**MATERIAL TO PROCESS:**
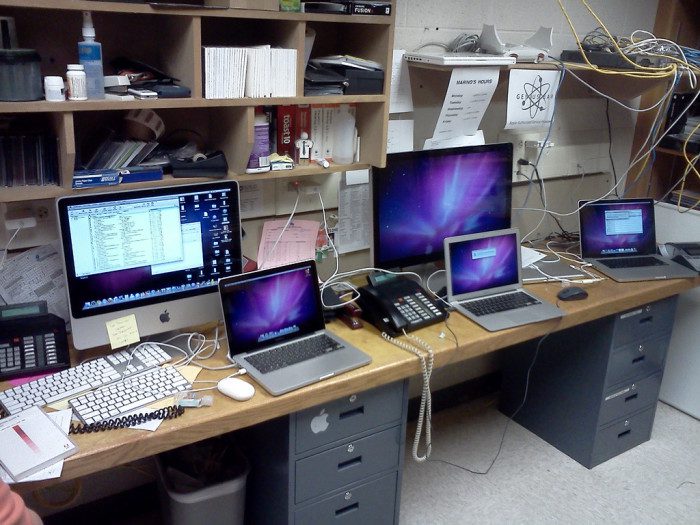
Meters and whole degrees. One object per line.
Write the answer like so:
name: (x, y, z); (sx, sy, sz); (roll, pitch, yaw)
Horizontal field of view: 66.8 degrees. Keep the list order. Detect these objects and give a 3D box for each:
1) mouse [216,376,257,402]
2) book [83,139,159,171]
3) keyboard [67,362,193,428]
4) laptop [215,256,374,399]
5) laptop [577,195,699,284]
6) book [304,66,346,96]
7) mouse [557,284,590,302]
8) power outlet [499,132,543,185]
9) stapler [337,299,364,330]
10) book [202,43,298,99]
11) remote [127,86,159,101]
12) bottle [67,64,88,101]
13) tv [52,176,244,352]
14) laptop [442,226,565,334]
mouse: (-0.371, 0.406, 1.731); (0.127, 0.043, 0.078); (13, 26, 26)
book: (-0.794, -0.370, 1.835); (0.133, 0.032, 0.139); (-9, 24, 9)
keyboard: (-0.695, 0.419, 1.695); (0.335, 0.023, 0.165); (-16, 29, -35)
laptop: (-0.186, 0.200, 1.843); (0.386, 0.279, 0.424); (17, 23, 42)
laptop: (1.411, -0.132, 2.744); (0.508, 0.364, 0.445); (-5, 22, -16)
book: (-0.108, -0.690, 2.033); (0.127, 0.050, 0.131); (-4, 47, -8)
mouse: (1.008, 0.137, 2.399); (0.118, 0.043, 0.068); (-1, 15, -20)
power outlet: (0.887, -0.551, 2.775); (0.278, 0.267, 0.143); (-11, 17, -34)
stapler: (-0.014, 0.201, 2.161); (0.049, 0.077, 0.167); (-11, 29, -27)
book: (-0.355, -0.676, 1.896); (0.346, 0.164, 0.038); (-9, 24, -22)
remote: (-0.690, -0.556, 1.756); (0.112, 0.033, 0.058); (16, 27, 32)
bottle: (-0.865, -0.563, 1.672); (0.062, 0.106, 0.064); (6, 22, -2)
tv: (-0.720, -0.003, 1.834); (0.547, 0.474, 0.130); (-11, 22, -30)
laptop: (0.646, 0.060, 2.202); (0.403, 0.288, 0.354); (-7, 16, -19)
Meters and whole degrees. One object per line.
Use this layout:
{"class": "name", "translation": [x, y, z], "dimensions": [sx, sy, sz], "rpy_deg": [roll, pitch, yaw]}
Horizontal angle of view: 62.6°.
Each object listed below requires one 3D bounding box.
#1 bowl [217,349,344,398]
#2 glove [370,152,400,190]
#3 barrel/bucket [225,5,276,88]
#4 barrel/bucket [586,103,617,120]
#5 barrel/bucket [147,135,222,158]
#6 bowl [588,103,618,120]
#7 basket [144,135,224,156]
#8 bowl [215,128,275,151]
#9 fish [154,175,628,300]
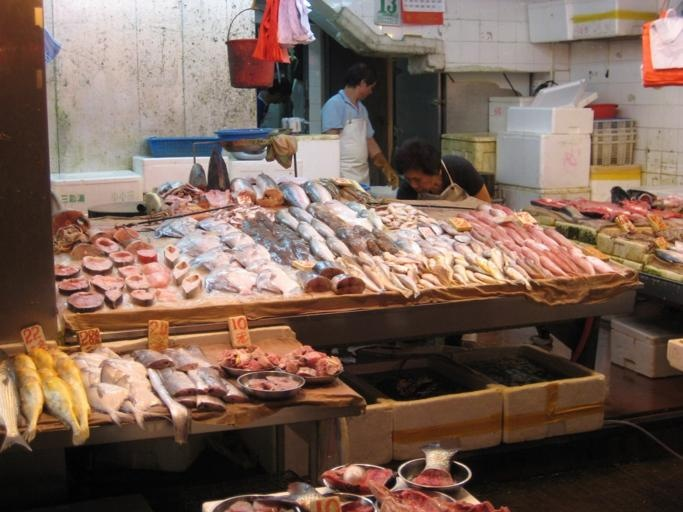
{"class": "bowl", "translation": [-0.247, 0.425, 2.087], "dimensions": [0.432, 0.115, 0.341], "rpy_deg": [3, 15, 21]}
{"class": "glove", "translation": [0.512, -1.114, 7.250], "dimensions": [0.303, 0.232, 0.947], "rpy_deg": [21, 22, -18]}
{"class": "barrel/bucket", "translation": [-0.760, -1.613, 4.675], "dimensions": [0.367, 0.395, 0.383], "rpy_deg": [-3, 14, 1]}
{"class": "barrel/bucket", "translation": [3.374, -1.880, 7.313], "dimensions": [0.324, 0.193, 0.348], "rpy_deg": [-2, 9, 0]}
{"class": "barrel/bucket", "translation": [-1.691, -1.168, 5.995], "dimensions": [0.849, 0.238, 0.595], "rpy_deg": [-4, 11, -14]}
{"class": "bowl", "translation": [3.376, -1.876, 7.303], "dimensions": [0.307, 0.186, 0.339], "rpy_deg": [5, 10, 38]}
{"class": "basket", "translation": [-1.698, -1.182, 6.001], "dimensions": [0.849, 0.236, 0.594], "rpy_deg": [-4, 8, -13]}
{"class": "bowl", "translation": [-0.814, -0.975, 4.740], "dimensions": [0.445, 0.187, 0.459], "rpy_deg": [-3, 14, 1]}
{"class": "fish", "translation": [0.224, -0.102, 3.519], "dimensions": [2.448, 0.447, 1.367], "rpy_deg": [-7, 14, -16]}
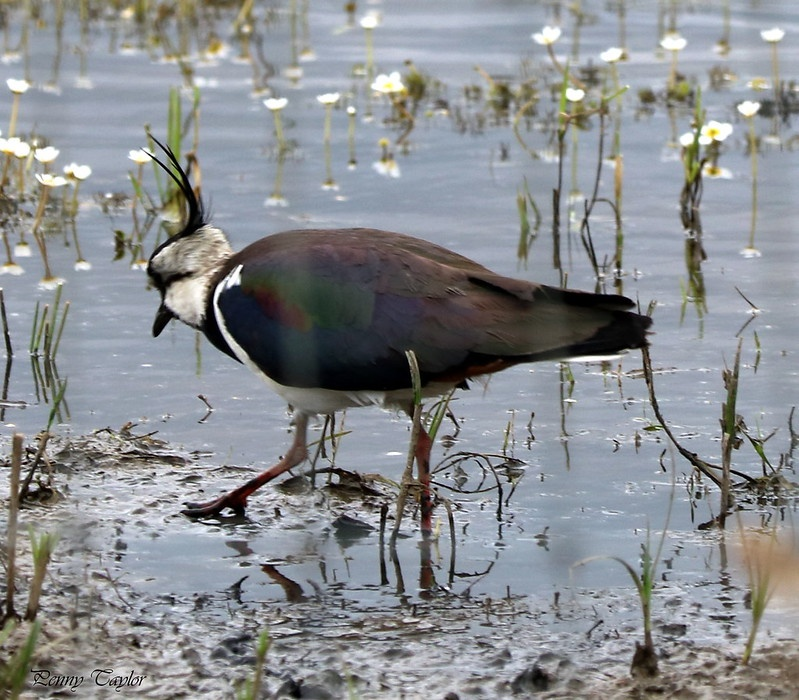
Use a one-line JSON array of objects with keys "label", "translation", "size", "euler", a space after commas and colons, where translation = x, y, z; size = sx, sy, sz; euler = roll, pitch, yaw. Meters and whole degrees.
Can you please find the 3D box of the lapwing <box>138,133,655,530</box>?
[{"label": "lapwing", "translation": [-0.090, -0.004, 5.370], "size": [2.549, 1.581, 0.879], "euler": [1, 14, 17]}]
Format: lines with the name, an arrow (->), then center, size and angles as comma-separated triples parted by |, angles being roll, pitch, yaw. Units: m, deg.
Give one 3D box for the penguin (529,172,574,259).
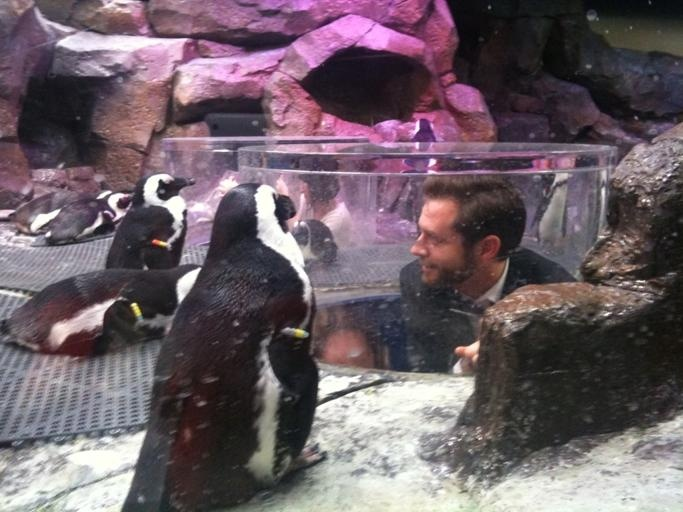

**TASK ITEM:** Pull each line that includes the word "name" out of the material above.

**RESULT OF THE EXERCISE:**
name: (x, y, z); (sx, sy, sz); (roll, pitch, yaw)
{"class": "name", "translation": [x, y, z], "dimensions": [sx, sy, sz], "rpy_deg": [roll, pitch, yaw]}
Format: lines with the name, an arrow (->), then center, size and angles as comma-separated triples parted by |, angles being roll, pitch, yaw. Units: m, deg.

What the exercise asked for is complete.